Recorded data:
Start of Block

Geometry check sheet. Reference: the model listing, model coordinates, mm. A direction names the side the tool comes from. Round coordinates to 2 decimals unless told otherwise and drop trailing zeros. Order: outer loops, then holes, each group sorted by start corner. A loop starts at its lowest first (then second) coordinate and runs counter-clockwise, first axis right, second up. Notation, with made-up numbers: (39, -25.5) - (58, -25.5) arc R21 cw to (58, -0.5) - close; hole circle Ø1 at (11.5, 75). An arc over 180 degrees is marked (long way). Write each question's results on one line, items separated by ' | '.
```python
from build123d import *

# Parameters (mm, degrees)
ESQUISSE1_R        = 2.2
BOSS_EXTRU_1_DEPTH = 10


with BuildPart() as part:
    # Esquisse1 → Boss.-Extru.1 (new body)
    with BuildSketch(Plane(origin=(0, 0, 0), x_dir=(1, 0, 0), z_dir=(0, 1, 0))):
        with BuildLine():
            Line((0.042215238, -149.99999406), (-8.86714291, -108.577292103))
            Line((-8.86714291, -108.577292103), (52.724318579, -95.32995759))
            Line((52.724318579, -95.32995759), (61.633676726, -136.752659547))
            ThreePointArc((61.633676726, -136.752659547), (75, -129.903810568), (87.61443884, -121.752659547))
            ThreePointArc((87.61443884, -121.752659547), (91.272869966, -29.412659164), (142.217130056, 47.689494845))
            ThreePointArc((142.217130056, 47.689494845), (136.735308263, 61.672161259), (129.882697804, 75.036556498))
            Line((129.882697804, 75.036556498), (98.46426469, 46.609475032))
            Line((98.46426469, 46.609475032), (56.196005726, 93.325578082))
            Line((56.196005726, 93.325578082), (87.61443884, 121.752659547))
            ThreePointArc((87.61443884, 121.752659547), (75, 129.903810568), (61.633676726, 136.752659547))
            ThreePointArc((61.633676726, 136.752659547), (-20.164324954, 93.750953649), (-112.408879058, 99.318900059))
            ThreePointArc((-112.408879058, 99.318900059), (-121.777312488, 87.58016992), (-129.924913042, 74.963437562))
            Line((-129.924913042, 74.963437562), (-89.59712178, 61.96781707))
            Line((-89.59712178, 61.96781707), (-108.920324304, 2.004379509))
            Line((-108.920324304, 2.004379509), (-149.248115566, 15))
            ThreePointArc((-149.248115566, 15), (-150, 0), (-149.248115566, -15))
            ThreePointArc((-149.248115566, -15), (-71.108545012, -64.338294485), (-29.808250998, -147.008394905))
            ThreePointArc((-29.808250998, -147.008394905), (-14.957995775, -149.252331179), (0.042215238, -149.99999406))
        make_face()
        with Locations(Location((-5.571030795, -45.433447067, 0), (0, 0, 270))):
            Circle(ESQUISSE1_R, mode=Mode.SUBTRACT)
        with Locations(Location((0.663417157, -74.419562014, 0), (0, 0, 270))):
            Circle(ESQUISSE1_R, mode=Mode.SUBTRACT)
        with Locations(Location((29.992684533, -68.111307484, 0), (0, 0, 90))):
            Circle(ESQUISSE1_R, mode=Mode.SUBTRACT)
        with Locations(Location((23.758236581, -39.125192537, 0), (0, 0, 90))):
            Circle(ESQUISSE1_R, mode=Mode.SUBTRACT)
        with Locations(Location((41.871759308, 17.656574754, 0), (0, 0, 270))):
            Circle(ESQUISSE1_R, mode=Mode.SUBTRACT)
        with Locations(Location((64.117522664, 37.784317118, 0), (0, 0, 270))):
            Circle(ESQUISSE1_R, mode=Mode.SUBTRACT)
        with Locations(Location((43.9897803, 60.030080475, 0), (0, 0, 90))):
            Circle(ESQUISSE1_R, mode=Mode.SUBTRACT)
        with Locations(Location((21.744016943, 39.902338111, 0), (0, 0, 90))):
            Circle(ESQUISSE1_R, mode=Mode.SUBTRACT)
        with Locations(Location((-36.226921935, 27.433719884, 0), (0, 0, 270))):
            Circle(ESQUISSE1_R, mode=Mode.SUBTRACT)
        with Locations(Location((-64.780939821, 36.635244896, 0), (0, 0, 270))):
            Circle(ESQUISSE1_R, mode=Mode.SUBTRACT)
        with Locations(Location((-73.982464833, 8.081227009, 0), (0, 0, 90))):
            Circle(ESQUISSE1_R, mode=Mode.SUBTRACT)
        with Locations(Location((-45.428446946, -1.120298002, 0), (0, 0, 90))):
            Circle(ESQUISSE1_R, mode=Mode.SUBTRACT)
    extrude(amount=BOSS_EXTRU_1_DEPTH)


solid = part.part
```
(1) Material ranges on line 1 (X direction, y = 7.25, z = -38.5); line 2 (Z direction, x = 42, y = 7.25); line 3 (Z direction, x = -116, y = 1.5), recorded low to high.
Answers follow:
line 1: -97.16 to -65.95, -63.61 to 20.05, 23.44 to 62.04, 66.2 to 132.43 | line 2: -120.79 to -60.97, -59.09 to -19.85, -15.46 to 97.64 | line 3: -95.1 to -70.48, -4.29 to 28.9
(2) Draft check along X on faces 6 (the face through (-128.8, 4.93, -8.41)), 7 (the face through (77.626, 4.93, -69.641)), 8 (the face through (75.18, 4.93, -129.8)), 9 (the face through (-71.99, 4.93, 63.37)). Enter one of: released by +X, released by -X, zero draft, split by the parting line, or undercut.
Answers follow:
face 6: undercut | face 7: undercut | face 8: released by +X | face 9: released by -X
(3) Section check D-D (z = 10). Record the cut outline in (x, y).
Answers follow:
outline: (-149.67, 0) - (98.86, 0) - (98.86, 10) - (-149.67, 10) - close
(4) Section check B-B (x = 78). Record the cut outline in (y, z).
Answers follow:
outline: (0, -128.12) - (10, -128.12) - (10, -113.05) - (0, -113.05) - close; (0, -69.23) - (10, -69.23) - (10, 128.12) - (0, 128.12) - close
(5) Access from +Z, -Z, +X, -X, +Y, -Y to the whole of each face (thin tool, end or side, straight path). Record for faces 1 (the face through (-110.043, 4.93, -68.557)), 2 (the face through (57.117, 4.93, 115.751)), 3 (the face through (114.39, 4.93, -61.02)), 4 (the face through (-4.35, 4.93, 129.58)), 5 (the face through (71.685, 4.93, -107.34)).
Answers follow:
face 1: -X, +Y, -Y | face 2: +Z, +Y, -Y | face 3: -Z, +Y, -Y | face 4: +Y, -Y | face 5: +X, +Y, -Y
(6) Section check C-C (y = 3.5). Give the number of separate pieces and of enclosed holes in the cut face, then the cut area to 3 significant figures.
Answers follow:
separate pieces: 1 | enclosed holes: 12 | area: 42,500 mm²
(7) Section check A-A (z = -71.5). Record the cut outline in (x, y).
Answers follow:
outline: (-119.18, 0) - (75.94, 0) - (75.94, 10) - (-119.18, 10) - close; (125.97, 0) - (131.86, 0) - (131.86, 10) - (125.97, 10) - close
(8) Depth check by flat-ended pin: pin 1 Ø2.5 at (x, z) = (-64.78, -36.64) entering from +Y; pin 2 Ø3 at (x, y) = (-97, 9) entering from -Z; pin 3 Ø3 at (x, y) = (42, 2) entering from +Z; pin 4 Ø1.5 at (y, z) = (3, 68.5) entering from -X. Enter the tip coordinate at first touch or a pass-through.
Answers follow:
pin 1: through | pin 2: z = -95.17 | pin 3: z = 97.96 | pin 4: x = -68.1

End of Block

WHAT IS REQUIRED:
If a line of the data holds the string "coordinate", list it.

SOLVED EXERCISE:
Geometry check sheet. Reference: the model listing, model coordinates, mm. A direction names the side the tool comes from. Round coordinates to 2 decimals unless told otherwise and drop trailing zeros. Order: outer loops, then holes, each group sorted by start corner. A loop starts at its lowest first (then second) coordinate and runs counter-clockwise, first axis right, second up. Notation, with made-up numbers: (39, -25.5) - (58, -25.5) arc R21 cw to (58, -0.5) - close; hole circle Ø1 at (11.5, 75). An arc over 180 degrees is marked (long way). Write each question's results on one line, items separated by ' | '.
(8) Depth check by flat-ended pin: pin 1 Ø2.5 at (x, z) = (-64.78, -36.64) entering from +Y; pin 2 Ø3 at (x, y) = (-97, 9) entering from -Z; pin 3 Ø3 at (x, y) = (42, 2) entering from +Z; pin 4 Ø1.5 at (y, z) = (3, 68.5) entering from -X. Enter the tip coordinate at first touch or a pass-through.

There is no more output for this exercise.